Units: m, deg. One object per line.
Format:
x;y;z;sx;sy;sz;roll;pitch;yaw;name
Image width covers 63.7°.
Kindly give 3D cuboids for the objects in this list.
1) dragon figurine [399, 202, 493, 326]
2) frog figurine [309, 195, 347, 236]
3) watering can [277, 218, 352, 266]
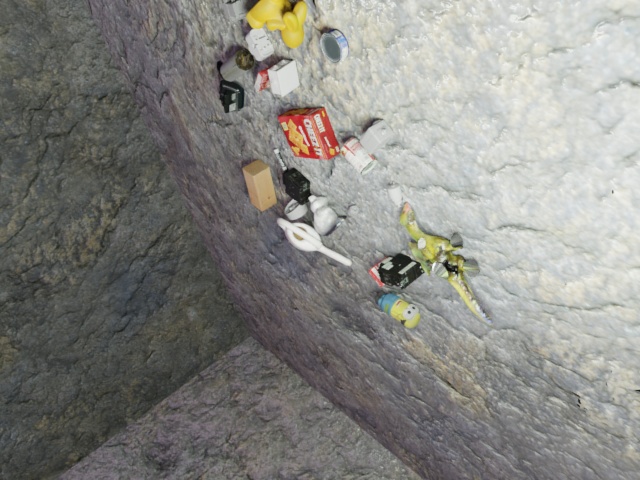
0.357;0.070;1.548;0.409;0.122;0.243;60;173;-4;dragon figurine
0.006;-0.098;1.944;0.160;0.123;0.136;42;174;3;frog figurine
-0.035;0.010;2.142;0.347;0.104;0.224;33;175;-7;watering can
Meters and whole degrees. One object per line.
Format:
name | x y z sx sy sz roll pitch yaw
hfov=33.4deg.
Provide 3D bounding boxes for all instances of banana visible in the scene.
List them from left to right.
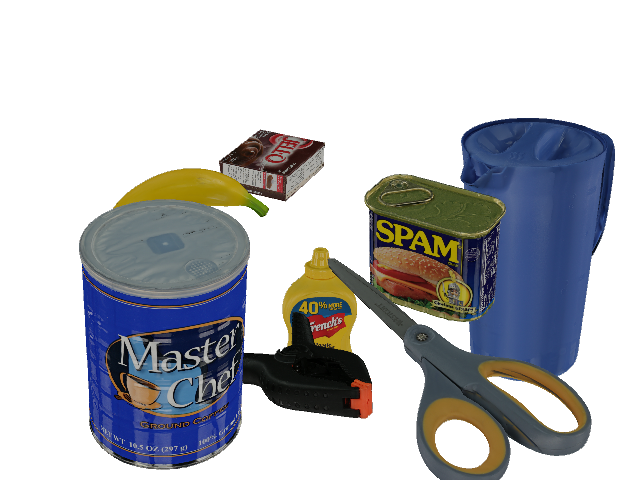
banana | -0.147 -0.030 1.022 0.198 0.069 0.037 -13 18 30

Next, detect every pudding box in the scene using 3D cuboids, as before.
pudding box | -0.057 -0.092 1.285 0.090 0.039 0.113 12 32 21

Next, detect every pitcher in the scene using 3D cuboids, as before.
pitcher | 0.211 0.007 1.043 0.149 0.243 0.145 2 26 9

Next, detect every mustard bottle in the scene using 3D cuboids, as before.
mustard bottle | -0.001 0.102 1.378 0.096 0.192 0.058 -1 19 -5

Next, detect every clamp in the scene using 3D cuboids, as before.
clamp | -0.020 0.111 0.961 0.210 0.036 0.164 12 22 43

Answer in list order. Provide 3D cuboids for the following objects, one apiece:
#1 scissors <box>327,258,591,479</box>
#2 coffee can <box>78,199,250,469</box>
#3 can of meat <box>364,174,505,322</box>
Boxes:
scissors | 0.049 0.070 0.584 0.202 0.016 0.096 26 48 36
coffee can | -0.099 0.059 0.681 0.103 0.140 0.103 3 32 -2
can of meat | 0.084 0.007 0.804 0.102 0.084 0.057 17 38 27
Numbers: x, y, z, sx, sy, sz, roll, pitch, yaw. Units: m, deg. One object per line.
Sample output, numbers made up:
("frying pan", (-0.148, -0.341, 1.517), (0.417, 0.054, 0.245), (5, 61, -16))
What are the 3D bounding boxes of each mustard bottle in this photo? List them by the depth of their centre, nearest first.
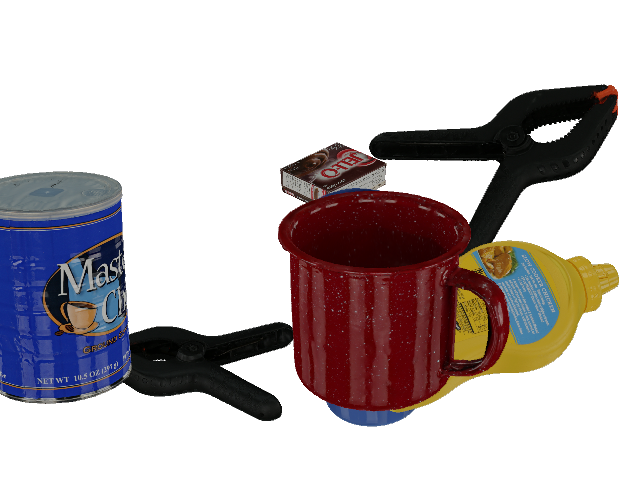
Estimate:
("mustard bottle", (0.121, 0.049, 0.751), (0.191, 0.096, 0.058), (-16, -33, -11))

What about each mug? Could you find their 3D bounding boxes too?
("mug", (0.037, 0.033, 0.524), (0.117, 0.081, 0.093), (12, 29, 26))

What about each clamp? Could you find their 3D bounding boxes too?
("clamp", (0.163, -0.067, 0.897), (0.210, 0.165, 0.036), (-22, -39, -2))
("clamp", (-0.103, 0.102, 0.938), (0.171, 0.039, 0.120), (11, 27, 9))

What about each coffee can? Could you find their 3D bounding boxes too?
("coffee can", (-0.190, 0.031, 0.763), (0.103, 0.140, 0.103), (0, 18, 0))

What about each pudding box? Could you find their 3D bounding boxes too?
("pudding box", (0.017, -0.083, 1.400), (0.090, 0.039, 0.113), (26, 42, 38))

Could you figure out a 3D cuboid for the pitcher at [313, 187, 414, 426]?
("pitcher", (0.046, 0.080, 1.126), (0.149, 0.243, 0.145), (-13, 31, -14))
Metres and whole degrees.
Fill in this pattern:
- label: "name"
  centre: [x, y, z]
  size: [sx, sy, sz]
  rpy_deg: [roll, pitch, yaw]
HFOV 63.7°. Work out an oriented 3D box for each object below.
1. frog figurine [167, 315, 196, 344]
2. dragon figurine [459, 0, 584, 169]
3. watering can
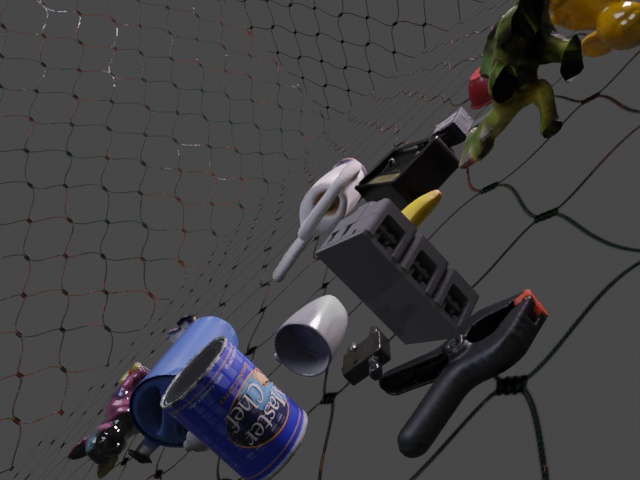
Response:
- label: "frog figurine"
  centre: [-0.270, 0.259, 1.088]
  size: [0.136, 0.121, 0.163]
  rpy_deg: [-28, 54, 26]
- label: "dragon figurine"
  centre: [0.289, -0.295, 0.777]
  size: [0.247, 0.122, 0.404]
  rpy_deg: [-101, 21, -69]
- label: "watering can"
  centre: [0.004, -0.060, 1.192]
  size: [0.341, 0.104, 0.228]
  rpy_deg: [-54, -3, 35]
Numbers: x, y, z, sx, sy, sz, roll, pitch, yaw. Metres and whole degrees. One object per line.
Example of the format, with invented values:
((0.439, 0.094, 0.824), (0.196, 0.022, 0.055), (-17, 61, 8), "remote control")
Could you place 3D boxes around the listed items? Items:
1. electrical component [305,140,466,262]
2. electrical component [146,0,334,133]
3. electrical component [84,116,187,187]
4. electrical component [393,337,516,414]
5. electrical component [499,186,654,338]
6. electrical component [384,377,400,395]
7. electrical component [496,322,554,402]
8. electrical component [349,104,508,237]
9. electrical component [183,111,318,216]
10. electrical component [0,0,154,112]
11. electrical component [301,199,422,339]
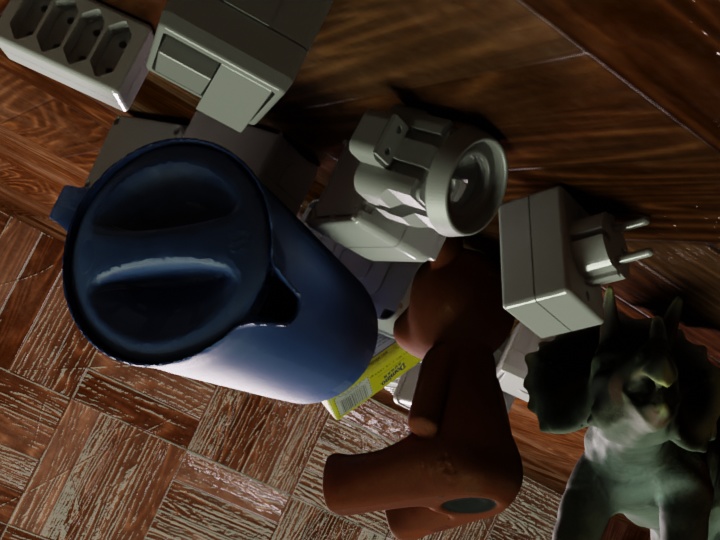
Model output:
((0.015, -0.041, 0.651), (0.061, 0.061, 0.096), (29, 170, -21), "electrical component")
((-0.060, -0.105, 0.496), (0.062, 0.061, 0.096), (27, 170, -12), "electrical component")
((-0.163, -0.077, 0.869), (0.113, 0.078, 0.057), (15, 169, 47), "electrical component")
((0.105, 0.107, 1.096), (0.109, 0.108, 0.056), (30, 167, -25), "electrical component")
((0.120, -0.009, 0.577), (0.077, 0.065, 0.047), (-17, 147, 30), "electrical component")
((0.055, 0.089, 1.164), (0.048, 0.099, 0.099), (11, 169, 7), "electrical component")
((0.161, 0.086, 0.978), (0.062, 0.061, 0.096), (24, 171, 6), "electrical component")
((0.039, -0.050, 0.559), (0.057, 0.058, 0.078), (21, 169, 39), "electrical component")
((-0.091, -0.070, 0.773), (0.096, 0.061, 0.062), (20, 169, 30), "electrical component")
((-0.171, -0.134, 0.668), (0.083, 0.047, 0.075), (25, 170, 2), "electrical component")
((0.000, 0.000, 0.872), (0.113, 0.078, 0.057), (21, 167, 23), "electrical component")

** EXERCISE **
Reprint the data above from the opening line to the line holding "2) frog figurine [309, 195, 347, 236]", inclusive, and nothing else.

** RESULT OF THIS TASK **
Units: m, deg. One object per line.
Format:
x;y;z;sx;sy;sz;roll;pitch;yaw;name
Image width covers 63.7°.
Kindly give 3D cuboids for the objects in this list.
1) dragon figurine [399, 202, 493, 326]
2) frog figurine [309, 195, 347, 236]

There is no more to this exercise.